Auditing of economic statements is often performed by audit firms based mostly on the engagement that request by the entity. The entity needs its monetary statements audited yearly sometime based mostly on the law or typically primarily based on their own requirements.
A big company is often required by law and small business with low turnover and staffs is generally exempted from the audit. This is to reduce prices because the professional price like the audit payment is normally high.
There are a lot of customers of the audited report and financial statements. These including employees, administration’s team, the board of directors, shareholders, customers, suppliers, banks, creditors and authorities writerity.
Audit of monetary statements has a whole lot of advantages and limitation of auditing to the entity, here they’re:
Limitation of auditing:
The advancedity of enterprise and system may someday limited auditor from acquiring the finished view on entity critical internal controls. Auditors is probably not able to carry out the proper risk assessment.
Administration intention and override controls are typically couldn’t detect by auditors. For example, inner management is reliable only if folks working within the entity follow and have the precise to execute their roles. Nonetheless, if administration overrides the management, auditors might not be able to detect the fraud risks or errors.
Materiality based mostly is what auditor makes use of to carry out its assessment and sampling. That means some sensitive fraud risks with the insignificant amounts that probably out of auditor scope couldn’t be detected by auditors.
Fraud detection shouldn’t be an auditor’s responsibility. This is what stated within the audit engagement and audit standards. This generally different from the entity’s management expectations. Auditors ought to perform fraud risks evaluation, however the fraud risk detection and prevention will not be their main responsibility in the audit engagement. Public and management think fraud detection is the auditor’s responsibility.
Auditors will conclude that there aren’t any material misstatements found if, after their testing, they discovered nothing materially misstated. Nonetheless, the conclusion right here is predicated on their sampling. Audit sampling may not cover the material errors or fraud, particularly auditors who lead or carry out the critical risk areas wouldn’t have enough skunwell and experience.
Time constraints can have an effect on the quality of audit works and reports. This occurs when auditors have a lot of shoppers readily available at the identical time, and they could not handle their tasks that the quality that had set.
Auditor’s qualification is essential for the quality of the audit report. Some auditors have sufficient expertise not only in auditing skills but in addition in the trade that they are auditing. Nevertheless, a few of them don’t. Poor auditor’s qualifications will lead to poor quality of audit reports.
Scope of the audit is cover only the monetary statements over the interval that they are auditing; nonetheless, the fraud may occur in others interval outside the scope.
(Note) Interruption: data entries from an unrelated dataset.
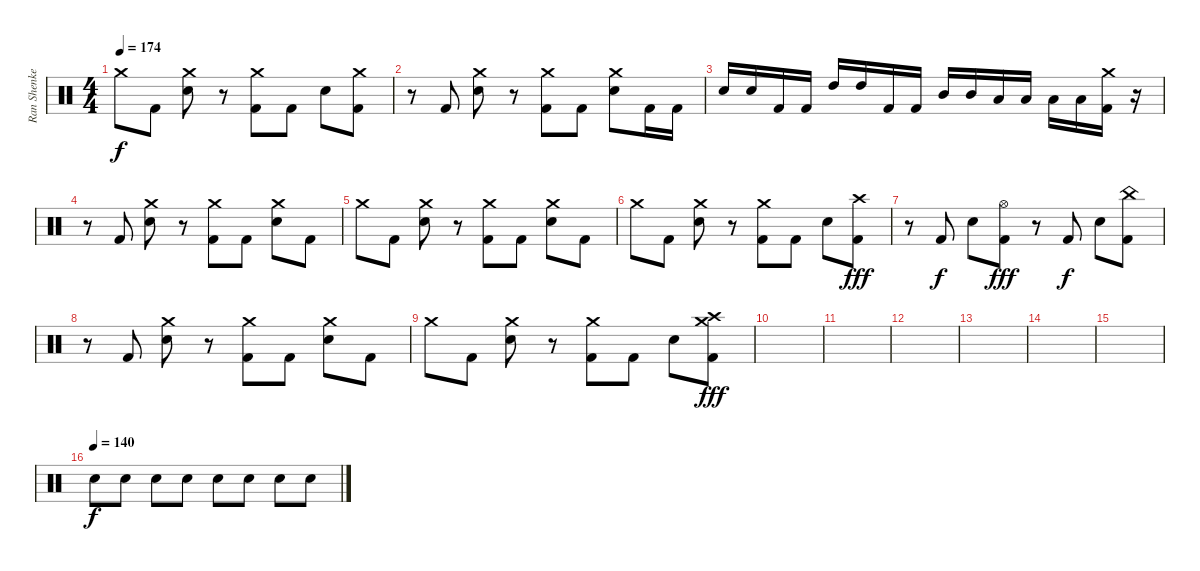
\track ("Ran Shenkerman" "Ran Shenke") {instrument percussion}
\staff {score}
\articulation defaults
\ts (4 4)
\tempo 174
\clef neutral
\ks c "Crash medium (hit)".8{dy f} "Kick (hit) 2".8
("Crash medium (hit)" "Snare (hit) 2").8 r.8 ("Crash medium (hit)" "Kick (hit) 2").8 "Kick (hit) 2".8 "Snare (hit) 2".8 ("Crash medium (hit)" "Kick (hit) 2").8 |
r.8 "Kick (hit) 2".8 ("Crash medium (hit)" "Snare (hit) 2").8 r.8 ("Crash medium (hit)" "Kick (hit) 2").8 "Kick (hit) 2".8 ("Crash medium (hit)" "Snare (hit) 2").8 "Kick (hit) 2".16 "Kick (hit) 2".16 |
"Snare (hit) 2".16 "Snare (hit) 2".16 "Kick (hit) 2".16 "Kick (hit) 2".16 "High Tom (hit)".16 "High Tom (hit)".16 "Kick (hit) 2".16 "Kick (hit) 2".16 "Mid Tom (hit)".16 "Mid Tom (hit)".16 "Low Tom (hit)".16 "Low Tom (hit)".16 "Low Floor Tom (hit)".16 "Low Floor Tom (hit)".16 ("Crash medium (hit)" "Kick (hit) 2").16 r.16 |
r.8 "Kick (hit) 2".8 ("Crash medium (hit)" "Snare (hit) 2").8 r.8 ("Crash medium (hit)" "Kick (hit) 2").8 "Kick (hit) 2".8 ("Crash medium (hit)" "Snare (hit) 2").8 "Kick (hit) 2".8 |
"Crash medium (hit)".8 "Kick (hit) 2".8 ("Crash medium (hit)" "Snare (hit) 2").8 r.8 ("Crash medium (hit)" "Kick (hit) 2").8 "Kick (hit) 2".8 ("Crash medium (hit)" "Snare (hit) 2").8 "Kick (hit) 2".8 |
"Crash medium (hit)".8 "Kick (hit) 2".8 ("Crash medium (hit)" "Snare (hit) 2").8 r.8 ("Crash medium (hit)" "Kick (hit) 2").8 "Kick (hit) 2".8 "Snare (hit) 2".8 ("Crash high (hit)" "Kick (hit) 2").8{dy fff} |
r.8 "Kick (hit) 2".8{dy f} "Snare (hit) 2".8 ("Hi-Hat (open)" "Kick (hit) 2").8{dy fff} r.8 "Kick (hit) 2".8{dy f} "Snare (hit) 2".8 ("China (hit)" "Kick (hit) 2").8 |
r.8 "Kick (hit) 2".8 ("Crash medium (hit)" "Snare (hit) 2").8 r.8 ("Crash medium (hit)" "Kick (hit) 2").8 "Kick (hit) 2".8 ("Crash medium (hit)" "Snare (hit) 2").8 "Kick (hit) 2".8 |
"Crash medium (hit)".8 "Kick (hit) 2".8 ("Crash medium (hit)" "Snare (hit) 2").8 r.8 ("Crash medium (hit)" "Kick (hit) 2").8 "Kick (hit) 2".8 "Snare (hit) 2".8 ("Crash medium (hit)" "Crash high (hit)" "Kick (hit) 2").8{dy fff} |
|
|
|
|
|
|
\tempo (140)
"Snare (hit) 2".8{dy f} "Snare (hit) 2".8 "Snare (hit) 2".8 "Snare (hit) 2".8 "Snare (hit) 2".8 "Snare (hit) 2".8 "Snare (hit) 2".8 "Snare (hit) 2".8

Independence and battle of curiosity of audit crew members can enhance the risks of poor audit quality and audit reports. If the battle of interest isn’t minimized to the settle forable degree as required by ISA 500, then the audit report won’t be delivered on the quality that it ought to be.
Advantages of auditing:
Quality of monetary info is essential for key stakeholders like buyers, bankers, BoD, as well as the management team. Audit of economic statements may ensure that the quality of financial information that flows to those group of individuals are true and fair. And the key determination that they make through the use of audited financial information can be in the very best opinion.
Compliance with the law of country or territory that the entity is working in is very important. Have their monetary statements audit annually by qualified auditors and then submit to relevance authorities body might help the entity comply with statutory audit requirement. And avoid any penalty that might significantly affect the entity.
The auditor will assist shareholders to evaluate the monetary statements on their behalf. This might reduce the shareholder’s double on the management team. Auditors have higher skills than shareholders in this area.
The audit of monetary statements may help improve management’s integrity, particularly when the result of the audit proves that the financial statements are true and fair view.
Auditors have expertise in each inner control and financial reporting. Have an auditor audit on an entity’s financial data might help the administration staff to access the expertise this hold by the audit firm.
Improve internal controls: auditors could help to assessment the accounting system, procedure, people, and process of the entity. It is going to help the entity to improve its key internal management that would minimize fraud risks and errors.
Protects Fraud and Error may administration could not detect.
Trust from other organizations: Creditors, banks, and authorities writerity.